As we headed back to the center of Dilijan after making our way down from the trail, we were flagged down by a couple of Armenian men sitting at a lunch table. They waved for us to come join them, so we did, appreciating the ability to sit, eat, and relax after a long morning hike. As soon as we met them, they were excited to ask us questions about who we were, where we came from, and why we were in Dilijan. It’s incredible how many broken words can be exchanged between a group of Armenian men, a guy from Boston, and a girl from New York with only a year’s worth of Russian speaking abilities. Despite our difficulties in communication, we were able to exchange a fair amount of information in Armenian, English, and Russian. As they prepared Armenian BBQ, they showed us pictures of their family, videos of people in the US that they knew, talked to us about their love for American pop artists, and even gave us an impromptu magic show that left us in awe and in fits of giggles at the incredibly random but wholesome situation we were in. These wonderful people not only fed us, but also took us all the way back to Yerevan with them. Saying goodbye after only a few hours together was bittersweet, as after this magnificent feast you can’t help but feel like family.

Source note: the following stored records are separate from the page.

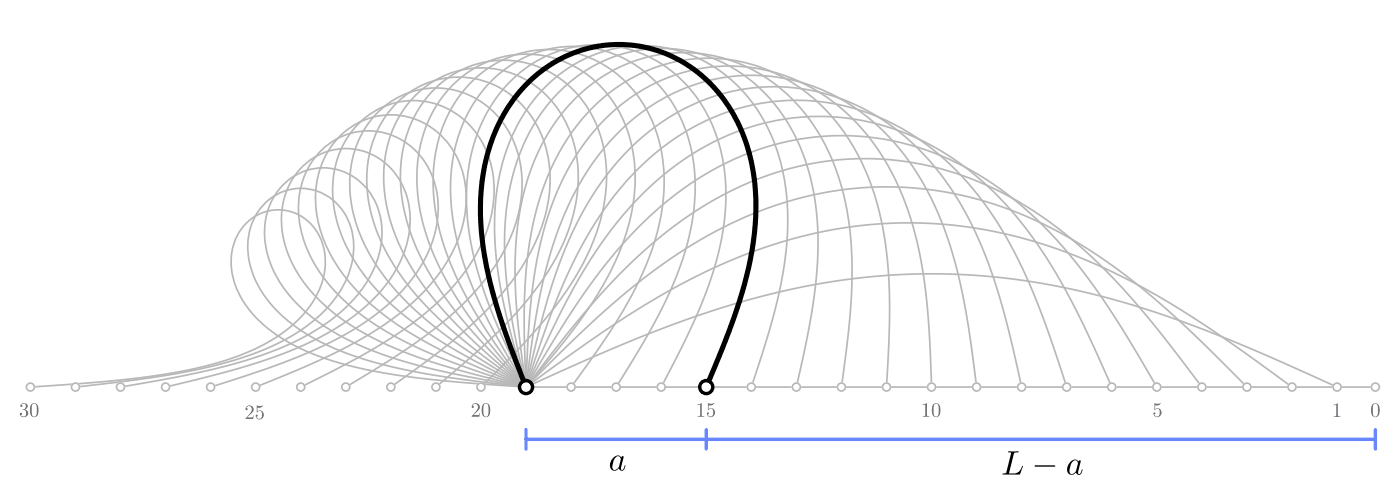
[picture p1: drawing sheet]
<svg xmlns="http://www.w3.org/2000/svg" width="145mm" height="50mm" viewBox="0 0 145 50" stroke-linecap="round" stroke-linejoin="round" font-family="sans-serif">
<g fill="none" stroke="#b8b8b8" stroke-width=".18">
<path d="M47 8.7a10.7 10.7 0 0 1 17.1 2.8 16.2 16.2 0 0 1 .7 12.9 38.1 38.1 0 0 1-7.2 12l-3.1 3.7-2.3-2.7a43.3 43.3 0 0 1-7.6-11.8 17.2 17.2 0 0 1-.3-12.9 12.2 12.2 0 0 1 2.7-4zM3.1 40.1l10.1-.8a44.5 44.5 0 0 0 12.8-3 13.2 13.2 0 0 0 7.1-6.3 6 6 0 0 0-1.6-7.4 4.8 4.8 0 0 0-7.4 3.1 8.1 8.1 0 0 0 2.7 7.5 21.1 21.1 0 0 0 9.8 4.8 105 105 0 0 0 17 2l.9 .1M7.8 40.1l7.9-1a44.3 44.3 0 0 0 13.5-3.8 14.1 14.1 0 0 0 6.8-6.6 6.8 6.8 0 0 0-1.6-8 5.4 5.4 0 0 0-8.6 3.3 9.1 9.1 0 0 0 3 8.3 23.3 23.3 0 0 0 10.5 5.3 106.9 106.9 0 0 0 15.2 2.5M12.5 40.1l6.5-1.2a44 44 0 0 0 13.3-4.4 14.5 14.5 0 0 0 6.8-7.8 7.2 7.2 0 0 0-2.7-8.5 6 6 0 0 0-8.8 4.2 10 10 0 0 0 2.9 8.8 24.5 24.5 0 0 0 10.7 6 102.8 102.8 0 0 0 13.3 2.9M17.1 40.1l5.6-1.4a43.3 43.3 0 0 0 13-5.3 15.1 15.1 0 0 0 6.4-8.1 7.9 7.9 0 0 0-2.9-9 6.5 6.5 0 0 0-9.8 4.2 10.5 10.5 0 0 0 2.6 9.4 24.9 24.9 0 0 0 10.6 6.8l5.1 1.6 6.8 1.8M21.8 40.1l4.6-1.5a43.8 43.8 0 0 0 12.6-6.1 15.3 15.3 0 0 0 6.2-9.3 8.2 8.2 0 0 0-4.5-9.1 7.1 7.1 0 0 0-9.5 5.2 11.5 11.5 0 0 0 2.6 9.8 26.4 26.4 0 0 0 10.3 7.3l4.1 1.6 6.3 2.1M26.5 40.1l4.1-1.7a43.3 43.3 0 0 0 12.1-7 15.7 15.7 0 0 0 5.5-9.7 8.6 8.6 0 0 0-5.5-9.5 7.7 7.7 0 0 0-9.7 6 12.6 12.6 0 0 0 2.9 10.6 30.3 30.3 0 0 0 10.9 8l3.2 1.4 4.5 1.9M31.1 40.1l3.6-1.8a43.5 43.5 0 0 0 11.6-7.9 16 16 0 0 0 4.9-10.5 9 9 0 0 0-6.6-9.3 8.3 8.3 0 0 0-9.9 6.7 13.6 13.6 0 0 0 3 11.1 32.9 32.9 0 0 0 10.5 8.4l6.3 3.3M35.8 40.1l3.4-2.1a42.3 42.3 0 0 0 10.9-8.8 15.9 15.9 0 0 0 3.9-11.4 9.2 9.2 0 0 0-8.4-8.7 9 9 0 0 0-9.2 7.9 15.1 15.1 0 0 0 3.3 11.5 38.8 38.8 0 0 0 10.6 9.1l4.2 2.5M40.5 40.1l2.8-2.1a43.5 43.5 0 0 0 10.2-9.6 16.5 16.5 0 0 0 3.4-11.6 9.8 9.8 0 0 0-9-8.8 9.6 9.6 0 0 0-9.7 8.4 16.2 16.2 0 0 0 3.2 12 44.2 44.2 0 0 0 10.6 9.9l2.5 1.8M45.1 40.1l2.7-2.3a43.2 43.2 0 0 0 9.4-10.4 16.4 16.4 0 0 0 2.2-12.7 10 10 0 0 0-11.8-7.4 10.7 10.7 0 0 0-7.8 10 18.9 18.9 0 0 0 4.1 12.3 59.8 59.8 0 0 0 10.2 10.2l.4 .3M49.8 40.1l2.5-2.5a43.1 43.1 0 0 0 8.5-11.2 16.8 16.8 0 0 0 1.3-12.8 10.4 10.4 0 0 0-13-6.9 11.5 11.5 0 0 0-7.6 10.8 20.8 20.8 0 0 0 4 12.4 67.4 67.4 0 0 0 9 10.2"/>
<path d="M54.5 40.1l9.6-4.3 7.4-2.9 3.4-1.1 3.3-1 3.5-.8 3-.6a69.1 69.1 0 0 1 34.7 2.8l4.1 1.5 4.1 1.6 10.9 4.8M54.5 40.1l7.5-5.4 2.9-2 3-1.8a52.4 52.4 0 0 1 23.6-7.8 48.5 48.5 0 0 1 25.8 6.1l3.5 1.9 3.7 2.4 4 2.7 5.3 3.9M54.5 40.1l5-5 3.9-3.6a49.2 49.2 0 0 1 18.4-10.7 36.4 36.4 0 0 1 28.9 3.8 75.4 75.4 0 0 1 15.7 12.7l2.7 2.8M54.5 40.1l3.5-4.6 2.8-3.4a47.9 47.9 0 0 1 15.1-12.4 30.7 30.7 0 0 1 31 2.1 57.8 57.8 0 0 1 13.8 13.4l3.8 4.9M54.5 40.1l4.3-7.2a47.1 47.1 0 0 1 12.3-13.6 27.2 27.2 0 0 1 32.5 .2 48.1 48.1 0 0 1 12.1 13.8l4.1 6.8M54.5 40.1l3.1-6.8a45.7 45.7 0 0 1 10.4-14.6 24.7 24.7 0 0 1 22.9-5.9 28.9 28.9 0 0 1 15.5 11 75.5 75.5 0 0 1 8.4 15.5l.3 .8M54.5 40.1l1.4-6a44.4 44.4 0 0 1 6.5-15.3 22.3 22.3 0 0 1 16.4-9.8 21.4 21.4 0 0 1 18.1 8.4 39.6 39.6 0 0 1 7.1 15l1.8 7.7M54.5 40.1l.7-5.3a45.5 45.5 0 0 1 4.6-15.5 21.5 21.5 0 0 1 14.5-11.2 19.4 19.4 0 0 1 18.8 7.2 34 34 0 0 1 6.6 15.2l.7 3.9 .7 5.7M54.5 40.1l.2-4.9a45.1 45.1 0 0 1 3-15.4 20.8 20.8 0 0 1 12.6-12.2 17.9 17.9 0 0 1 19.3 6.2 29.4 29.4 0 0 1 6 14.4 94.9 94.9 0 0 1 .9 11.9M54.5 40.1l-.2-4.9a44.1 44.1 0 0 1 1.9-15.6 20 20 0 0 1 11.1-12.4 16.7 16.7 0 0 1 19.6 5.8 27.3 27.3 0 0 1 5.1 14.8 89.2 89.2 0 0 1-.2 12.3M54.5 40.1l2.1-6.3a45.6 45.6 0 0 1 8.2-14.9 23.4 23.4 0 0 1 19-8.5 24.1 24.1 0 0 1 17.2 9.5 49.3 49.3 0 0 1 7.8 15.2l1.7 5M54.5 40.1l-.6-4.4a44 44 0 0 1 .2-15.3 19.5 19.5 0 0 1 9.1-13 15.7 15.7 0 0 1 20.1 4.3 24.8 24.8 0 0 1 4.9 14.8 77.2 77.2 0 0 1-1.1 13.6"/>
<path d="M54.5 40.1l-1-4.3a43.1 43.1 0 0 1-1-14.9 19 19 0 0 1 7.7-13.3 14.8 14.8 0 0 1 20.4 3.6 22.8 22.8 0 0 1 4.1 14.1 68.7 68.7 0 0 1-2.2 14.8M54.5 40.1l-1.1-3.8a44.3 44.3 0 0 1-2.1-14.8 18.8 18.8 0 0 1 6.3-13.5 13.9 13.9 0 0 1 20.5 2.9 21.2 21.2 0 0 1 3.4 14.3 62.5 62.5 0 0 1-3.5 14.5l-.2 .4M54.5 40.1l-1.7-3.6a41.7 41.7 0 0 1-4.4-14.2 17.6 17.6 0 0 1 4.1-13.5 12.5 12.5 0 0 1 20 1.9 18.9 18.9 0 0 1 2.2 13.9 51.1 51.1 0 0 1-5.4 13.9l-.8 1.6M54.5 40.1l-1.8-3.1a43.7 43.7 0 0 1-5.6-13.3 17.6 17.6 0 0 1 2.3-13.5 12 12 0 0 1 20.5 .9 18.2 18.2 0 0 1 1.4 13.6 46.7 46.7 0 0 1-6.1 13.1l-1.4 2.3M54.5 40.1l-2.1-2.9a43 43 0 0 1-6.7-12.8 17 17 0 0 1 1.3-13.6 11.4 11.4 0 0 1 19.9 .4 17.4 17.4 0 0 1 .9 13.7 44.3 44.3 0 0 1-6.8 12.7l-1.9 2.5M54.5 40.1h87.9"/>
</g>
<path d="M54.5 40.1l-1.4-3.7a42.7 42.7 0 0 1-3.3-14.5 18.1 18.1 0 0 1 5.2-13.6 13.2 13.2 0 0 1 20.3 2.4 20.2 20.2 0 0 1 2.7 14.4 57.8 57.8 0 0 1-4.5 14.2l-.4 .8" fill="none" stroke="#000" stroke-width=".53"/>
<path d="M54.5 44.5v2M54.5 45.5h87.9M73.1 44.5v2M142.4 44.5v2" fill="none" stroke="#6887ff" stroke-width=".35"/>
<circle cx="54.5" cy="40.1" r=".5" fill="#fff"/>
<path d="M53.6 40.1a.85 .85 0 0 1 1.7 0 .85 .85 0 0 1-1.7 0zM54 40.1a.5 .5 0 0 0 1 0 .5 .5 0 0 0-1 0z" fill="#000"/>
<circle cx="73.1" cy="40.1" r=".5" fill="#fff"/>
<path d="M72.3 40.1a.85 .85 0 0 1 1.7 0 .85 .85 0 0 1-1.7 0zM72.6 40.1a.5 .5 0 0 0 1 0 .5 .5 0 0 0-1 0z" fill="#000"/>
<circle cx="35.8" cy="40.1" r=".5" fill="#fff"/>
<path d="M35.3 40.1a.5 .5 0 0 1 1 0 .5 .5 0 0 1-1 0zM35.5 40.1a.32 .32 0 0 0 .6 0 .32 .32 0 0 0-.6 0z" fill="#b8b8b8"/>
<circle cx="142.4" cy="40.1" r=".5" fill="#fff"/>
<path d="M141.9 40.1a.5 .5 0 0 1 1 0 .5 .5 0 0 1-1 0zM142.1 40.1a.35 .35 0 0 0 .7 0 .35 .35 0 0 0-.7 0z" fill="#b8b8b8"/>
<circle cx="31.1" cy="40.1" r=".5" fill="#fff"/>
<path d="M30.6 40.1a.5 .5 0 0 1 1 0 .5 .5 0 0 1-1 0zM30.8 40.1a.35 .35 0 0 0 .7 0 .35 .35 0 0 0-.7 0z" fill="#b8b8b8"/>
<circle cx="138.5" cy="40.1" r=".5" fill="#fff"/>
<path d="M138 40.1a.5 .5 0 0 1 1 0 .5 .5 0 0 1-1 0zM138.2 40.1a.32 .32 0 0 0 .6 0 .32 .32 0 0 0-.6 0z" fill="#b8b8b8"/>
<circle cx="26.5" cy="40.1" r=".5" fill="#fff"/>
<path d="M26 40.1a.5 .5 0 0 1 1 0 .5 .5 0 0 1-1 0zM26.2 40.1a.32 .32 0 0 0 .6 0 .32 .32 0 0 0-.6 0z" fill="#b8b8b8"/>
<circle cx="21.8" cy="40.1" r=".5" fill="#fff"/>
<path d="M21.3 40.1a.5 .5 0 0 1 1 0 .5 .5 0 0 1-1 0zM21.5 40.1a.32 .32 0 0 0 .6 0 .32 .32 0 0 0-.6 0z" fill="#b8b8b8"/>
<circle cx="17.1" cy="40.1" r=".5" fill="#fff"/>
<path d="M16.6 40.1a.5 .5 0 0 1 1 0 .5 .5 0 0 1-1 0zM16.8 40.1a.35 .35 0 0 0 .7 0 .35 .35 0 0 0-.7 0z" fill="#b8b8b8"/>
<circle cx="12.5" cy="40.1" r=".5" fill="#fff"/>
<path d="M12 40.1a.5 .5 0 0 1 1 0 .5 .5 0 0 1-1 0zM12.2 40.1a.32 .32 0 0 0 .6 0 .32 .32 0 0 0-.6 0z" fill="#b8b8b8"/>
<circle cx="40.5" cy="40.1" r=".5" fill="#fff"/>
<path d="M40 40.1a.5 .5 0 0 1 1 0 .5 .5 0 0 1-1 0zM40.2 40.1a.32 .32 0 0 0 .6 0 .32 .32 0 0 0-.6 0z" fill="#b8b8b8"/>
<circle cx="129.1" cy="40.1" r=".5" fill="#fff"/>
<path d="M128.6 40.1a.5 .5 0 0 1 1 0 .5 .5 0 0 1-1 0zM128.8 40.1a.35 .35 0 0 0 .7 0 .35 .35 0 0 0-.7 0z" fill="#b8b8b8"/>
<circle cx="7.8" cy="40.1" r=".5" fill="#fff"/>
<path d="M7.3 40.1a.5 .5 0 0 1 1 0 .5 .5 0 0 1-1 0zM7.5 40.1a.32 .32 0 0 0 .6 0 .32 .32 0 0 0-.6 0z" fill="#b8b8b8"/>
<circle cx="3.1" cy="40.1" r=".5" fill="#fff"/>
<path d="M2.6 40.1a.5 .5 0 0 1 1 0 .5 .5 0 0 1-1 0zM2.8 40.1a.35 .35 0 0 0 .7 0 .35 .35 0 0 0-.7 0z" fill="#b8b8b8"/>
<circle cx="124.5" cy="40.1" r=".5" fill="#fff"/>
<path d="M124 40.1a.5 .5 0 0 1 1 0 .5 .5 0 0 1-1 0zM124.2 40.1a.32 .32 0 0 0 .6 0 .32 .32 0 0 0-.6 0z" fill="#b8b8b8"/>
<circle cx="77.8" cy="40.1" r=".5" fill="#fff"/>
<path d="M77.3 40.1a.5 .5 0 0 1 1 0 .5 .5 0 0 1-1 0zM77.5 40.1a.32 .32 0 0 0 .6 0 .32 .32 0 0 0-.6 0z" fill="#b8b8b8"/>
<circle cx="82.5" cy="40.1" r=".5" fill="#fff"/>
<path d="M82 40.1a.5 .5 0 0 1 1 0 .5 .5 0 0 1-1 0zM82.2 40.1a.32 .32 0 0 0 .6 0 .32 .32 0 0 0-.6 0z" fill="#b8b8b8"/>
<circle cx="45.1" cy="40.1" r=".5" fill="#fff"/>
<path d="M44.6 40.1a.5 .5 0 0 1 1 0 .5 .5 0 0 1-1 0zM44.8 40.1a.35 .35 0 0 0 .7 0 .35 .35 0 0 0-.7 0z" fill="#b8b8b8"/>
<circle cx="49.8" cy="40.1" r=".5" fill="#fff"/>
<path d="M49.3 40.1a.5 .5 0 0 1 1 0 .5 .5 0 0 1-1 0zM49.5 40.1a.32 .32 0 0 0 .6 0 .32 .32 0 0 0-.6 0z" fill="#b8b8b8"/>
<circle cx="59.1" cy="40.1" r=".5" fill="#fff"/>
<path d="M58.6 40.1a.5 .5 0 0 1 1 0 .5 .5 0 0 1-1 0zM58.8 40.1a.35 .35 0 0 0 .7 0 .35 .35 0 0 0-.7 0z" fill="#b8b8b8"/>
<circle cx="63.8" cy="40.1" r=".5" fill="#fff"/>
<path d="M63.3 40.1a.5 .5 0 0 1 1 0 .5 .5 0 0 1-1 0zM63.5 40.1a.32 .32 0 0 0 .6 0 .32 .32 0 0 0-.6 0z" fill="#b8b8b8"/>
<circle cx="119.8" cy="40.1" r=".5" fill="#fff"/>
<path d="M119.3 40.1a.5 .5 0 0 1 1 0 .5 .5 0 0 1-1 0zM119.5 40.1a.32 .32 0 0 0 .6 0 .32 .32 0 0 0-.6 0z" fill="#b8b8b8"/>
<circle cx="68.5" cy="40.1" r=".5" fill="#fff"/>
<path d="M68 40.1a.5 .5 0 0 1 1 0 .5 .5 0 0 1-1 0zM68.2 40.1a.32 .32 0 0 0 .6 0 .32 .32 0 0 0-.6 0z" fill="#b8b8b8"/>
<circle cx="133.8" cy="40.1" r=".5" fill="#fff"/>
<path d="M133.3 40.1a.5 .5 0 0 1 1 0 .5 .5 0 0 1-1 0zM133.5 40.1a.32 .32 0 0 0 .6 0 .32 .32 0 0 0-.6 0z" fill="#b8b8b8"/>
<circle cx="115.1" cy="40.1" r=".5" fill="#fff"/>
<path d="M114.6 40.1a.5 .5 0 0 1 1 0 .5 .5 0 0 1-1 0zM114.8 40.1a.35 .35 0 0 0 .7 0 .35 .35 0 0 0-.7 0z" fill="#b8b8b8"/>
<circle cx="110.5" cy="40.1" r=".5" fill="#fff"/>
<path d="M110 40.1a.5 .5 0 0 1 1 0 .5 .5 0 0 1-1 0zM110.2 40.1a.32 .32 0 0 0 .6 0 .32 .32 0 0 0-.6 0z" fill="#b8b8b8"/>
<circle cx="105.8" cy="40.1" r=".5" fill="#fff"/>
<path d="M105.3 40.1a.5 .5 0 0 1 1 0 .5 .5 0 0 1-1 0zM105.5 40.1a.32 .32 0 0 0 .6 0 .32 .32 0 0 0-.6 0z" fill="#b8b8b8"/>
<circle cx="101.1" cy="40.1" r=".5" fill="#fff"/>
<path d="M100.6 40.1a.5 .5 0 0 1 1 0 .5 .5 0 0 1-1 0zM100.8 40.1a.35 .35 0 0 0 .7 0 .35 .35 0 0 0-.7 0z" fill="#b8b8b8"/>
<circle cx="96.5" cy="40.1" r=".5" fill="#fff"/>
<path d="M96 40.1a.5 .5 0 0 1 1 0 .5 .5 0 0 1-1 0zM96.2 40.1a.32 .32 0 0 0 .6 0 .32 .32 0 0 0-.6 0z" fill="#b8b8b8"/>
<circle cx="91.8" cy="40.1" r=".5" fill="#fff"/>
<path d="M91.3 40.1a.5 .5 0 0 1 1 0 .5 .5 0 0 1-1 0zM91.5 40.1a.32 .32 0 0 0 .6 0 .32 .32 0 0 0-.6 0z" fill="#b8b8b8"/>
<circle cx="87.1" cy="40.1" r=".5" fill="#fff"/>
<path d="M86.6 40.1a.5 .5 0 0 1 1 0 .5 .5 0 0 1-1 0zM86.8 40.1a.35 .35 0 0 0 .7 0 .35 .35 0 0 0-.7 0z" fill="#b8b8b8"/>
<g fill="#666">
<path d="M138.1 41.9l.5-.1v1.2l.2 .2h-.7l.3-.2v-1.1l-.3 .1z"/>
<path d="M119.6 41.7l.6 .1-.2 .1h-.4v.5a.38 .38 0 0 1 .6 .1 .45 .45 0 0 1-.1 .6 .45 .45 0 0 1-.6-.1v-.2l.1-.1 .1 .1-.2 .1a.31 .31 0 0 0 .4 .2 .31 .31 0 0 0 .2-.4 .32 .32 0 0 0-.2-.4l-.3 .2z"/>
<path d="M95.6 41.9l.4-.2v1.3l.3 .1h-.7l.2-.1v-1.1h-.2z"/>
<path d="M72.2 41.9l.5-.2v1.3l.2 .1h-.6l.2-.1v-1.1h-.3z"/>
<path d="M73.3 41.7l.7 .1-.2 .1h-.4v.5a.38 .38 0 0 1 .6 .1 .45 .45 0 0 1-.1 .6 .45 .45 0 0 1-.6-.1l-.1-.2 .1-.1 .1 .1-.1 .1a.31 .31 0 0 0 .4 .2 .31 .31 0 0 0 .2-.4 .32 .32 0 0 0-.3-.4l-.3 .2z"/>
<path d="M49 41.8a.43 .43 0 0 1 .6 .1 .43 .43 0 0 1-.1 .6l-.5 .5h.6l.1-.2-.1 .3h-.7a1.18 1.18 0 0 0 .6-1.1l-.3-.2-.1 .1-.2 .1 .2 .1-.2 .1v-.3z"/>
<path d="M25.6 42a.43 .43 0 0 1 .6 .2 .43 .43 0 0 1-.1 .6l-.5 .4h.6l.1-.2-.1 .4h-.8l.1-.1a1.18 1.18 0 0 0 .5-1.1l-.2-.2-.2 .1-.1 .2 .2 .1-.2 .1v-.3z"/>
<path d="M26.6 42h.6l-.1 .2h-.4v.4a.38 .38 0 0 1 .6 .1 .45 .45 0 0 1-.2 .6 .45 .45 0 0 1-.6-.1v-.2l.1-.1 .1 .1-.1 .1a.31 .31 0 0 0 .3 .2 .31 .31 0 0 0 .2-.4 .32 .32 0 0 0-.2-.4l-.3 .2z"/>
<path d="M2.2 41.9a.36 .36 0 0 1 .5-.1 .36 .36 0 0 1 0 .5l-.1 .1a.39 .39 0 0 1 .3 .3 .39 .39 0 0 1-.2 .4 .43 .43 0 0 1-.6-.2v-.1h.2l-.1 .1-.1 .1 .2 .1h.3a.4 .4 0 0 0-.1-.7h-.2a.32 .32 0 0 0 .4-.2 .32 .32 0 0 0-.2-.4l-.3 .1 .1 .1-.1 .1-.1-.1z"/>
<path d="M142.2 41.8a1.02 1.02 0 0 0 .1 1.4 .61 .61 0 0 0 .6-.9 .45 .45 0 0 0-.2-.5 .45 .45 0 0 0-.5 0zM142.3 41.9l.1-.1a.53 .53 0 0 1 .3 .6 .58 .58 0 0 1-.3 .7 .57 .57 0 0 1-.2-.7z"/>
<path d="M96.7 41.8a1.02 1.02 0 0 0 .1 1.4 .61 .61 0 0 0 .6-.9 .45 .45 0 0 0-.2-.5 .45 .45 0 0 0-.5 0zM96.8 41.9l.2-.1a.53 .53 0 0 1 .2 .6 .58 .58 0 0 1-.2 .7 .57 .57 0 0 1-.3-.7z"/>
<path d="M50.1 41.8a1.02 1.02 0 0 0 .1 1.4 .61 .61 0 0 0 .6-.9 .45 .45 0 0 0-.2-.5 .45 .45 0 0 0-.5 0zM50.1 41.9l.2-.1a.53 .53 0 0 1 .3 .6 .58 .58 0 0 1-.3 .7 .57 .57 0 0 1-.2-.7z"/>
<path d="M3.3 41.8a1.02 1.02 0 0 0 .1 1.4 .61 .61 0 0 0 .6-.9 .45 .45 0 0 0-.2-.5 .45 .45 0 0 0-.5 0zM3.4 41.9l.1-.1a.53 .53 0 0 1 .3 .6 .58 .58 0 0 1-.3 .7 .57 .57 0 0 1-.2-.7z"/>
</g>
<g fill="#000">
<path d="M104.4 46.7l1.1 .1-.5 .1-.5 2.1a1.12 1.12 0 0 0 1.4-.8l-.3 .9h-1.8v-.1h.4l.5-2.1-.3-.1zM107.2 48.2h2h.1l-.1 .1h-1.9h-.1z"/>
<path d="M63.4 47.5a.74 .74 0 0 0 .2 1.2l.5-.2a.3 .3 0 0 0 .3 .2 .3 .3 0 0 0 .3-.2l.1-.3-.3 .4-.1 .1-.1-.2 .3-1.3-.2 .1-.1 .1-.1-.2-.2-.1-.3 .1zM63.7 47.4l.3-.2 .3 .2-.3 1a.39 .39 0 0 1-.5 .2 1.32 1.32 0 0 1 .2-1.2z"/>
<path d="M110.8 47.9a.74 .74 0 0 0 .2 1.3l.4-.3a.3 .3 0 0 0 .3 .3 .3 .3 0 0 0 .3-.2l.1-.4-.2 .4-.1 .1-.1-.2 .2-1.2h-.2v.1l-.1-.2h-.2l-.3 .1zM111.1 47.8l.3-.2 .2 .3-.2 .9a.39 .39 0 0 1-.5 .2 1.32 1.32 0 0 1 .2-1.2z"/>
</g>
</svg>

After these two encounters with Armenian people, I will never think of the word “hospitality” again without this incredible country in mind. Hospitality is an understatement for the incredible warmth and love that can be shared over the table and through the consumption of traditional food here. An Armenian feast needs the three elements I mentioned: lavash, homemade alcohol, and fruits but I would be remiss to forget to include the most crucial ingredient necessary for this feast, warm Armenian people.